Operation (100 strings) List Loop Speedup
transliterate 28.3 µs 82.9 µs 2.9×

Optimization 7: Consistent Rust-native normalization

normalize() uses the Rust unicode-normalization crate (Unicode 16.0) for all calls — single strings, lists, and pipelines. This ensures consistent results across all code paths and eliminates Unicode version mismatches between CPython's unicodedata (Unicode 15.1) and the Rust crate's tables.

While CPython's unicodedata.normalize() is faster for single-string calls (it operates directly on PEP 393 compact strings with zero-copy semantics), the correctness tradeoff is worth the performance cost: using a single Unicode version prevents subtle bugs where different code paths produce different results for codepoints assigned between Unicode versions.

Optimization 8: PHF for specialized data

All secondary lookup tables (Hanzi pinyin, confusables, case folding, emoji) use compile-time perfect hash functions via phf_codegen. PHF provides O(1) lookup with no runtime allocation, no collision handling, and deterministic performance. The tables are generated at build time by build.rs and embedded as static data.

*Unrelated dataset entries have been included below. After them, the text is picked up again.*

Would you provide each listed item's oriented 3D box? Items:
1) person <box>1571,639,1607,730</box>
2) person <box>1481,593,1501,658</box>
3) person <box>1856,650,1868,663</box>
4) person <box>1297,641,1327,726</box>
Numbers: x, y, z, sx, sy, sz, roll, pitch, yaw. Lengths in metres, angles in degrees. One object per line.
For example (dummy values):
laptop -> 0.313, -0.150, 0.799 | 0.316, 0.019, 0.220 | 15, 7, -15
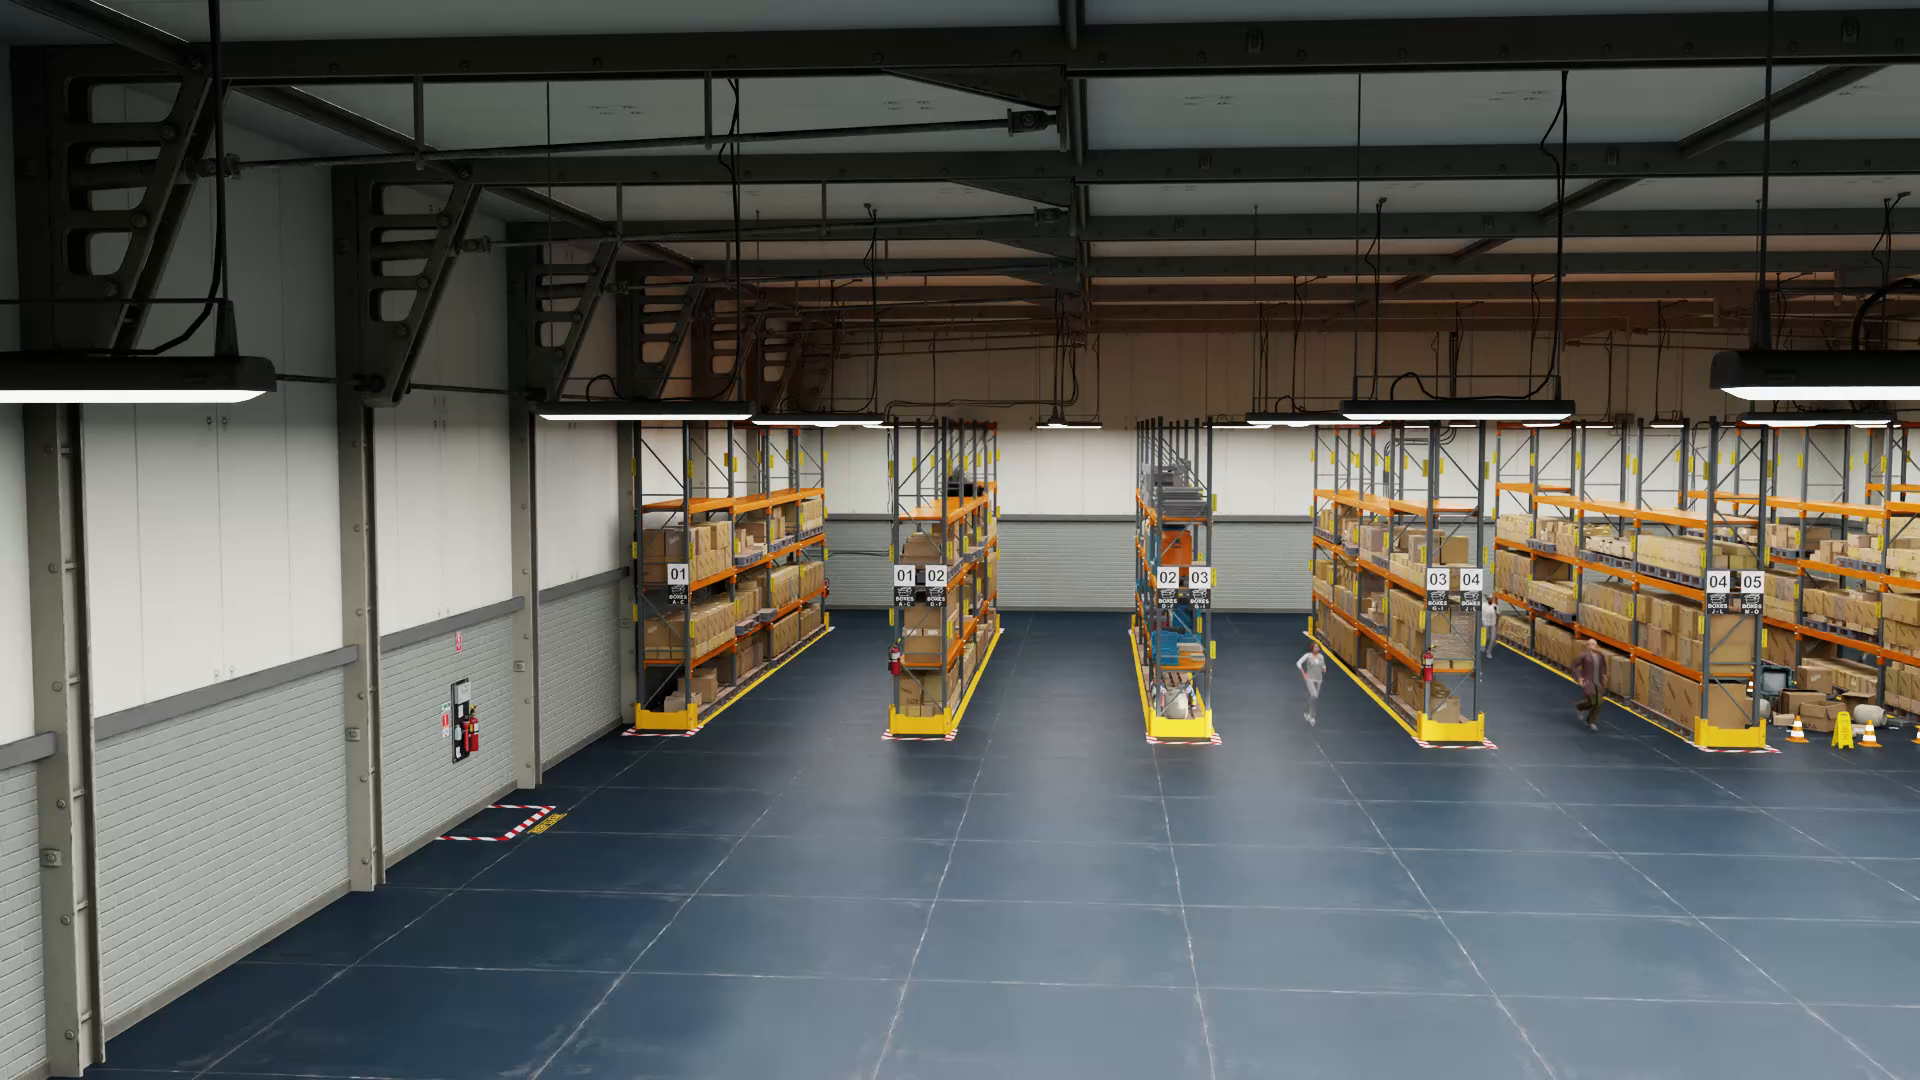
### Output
person -> 12.188, 2.775, 32.136 | 0.723, 1.747, 0.634 | -1, 4, -12
person -> 13.420, 2.156, 42.162 | 0.583, 1.662, 0.558 | 0, 4, 2
person -> 22.288, 2.224, 40.978 | 0.599, 1.646, 0.544 | 0, 4, -2
person -> 6.922, 2.801, 32.573 | 0.517, 1.639, 0.714 | -1, 4, -18

What translit does NOT optimize

Two operations are inherently slower than their CPython C-builtin counterparts:

  • Normalization: unicodedata.normalize() operates on CPython's internal string buffer without copying. translit uses Rust for all normalization (consistency over speed — see Optimization 7).
  • Case folding: str.casefold() is a CPython C builtin with zero allocation overhead. translit's PHF-based fold_case() is within ~4× at the Python level, with the gap dominated by PyO3 boundary-crossing cost rather than algorithmic differences.

These gaps are acceptable because normalization and case folding are rarely the bottleneck in real workloads — transliteration and slugification dominate processing time, and translit is 7–38× faster for those.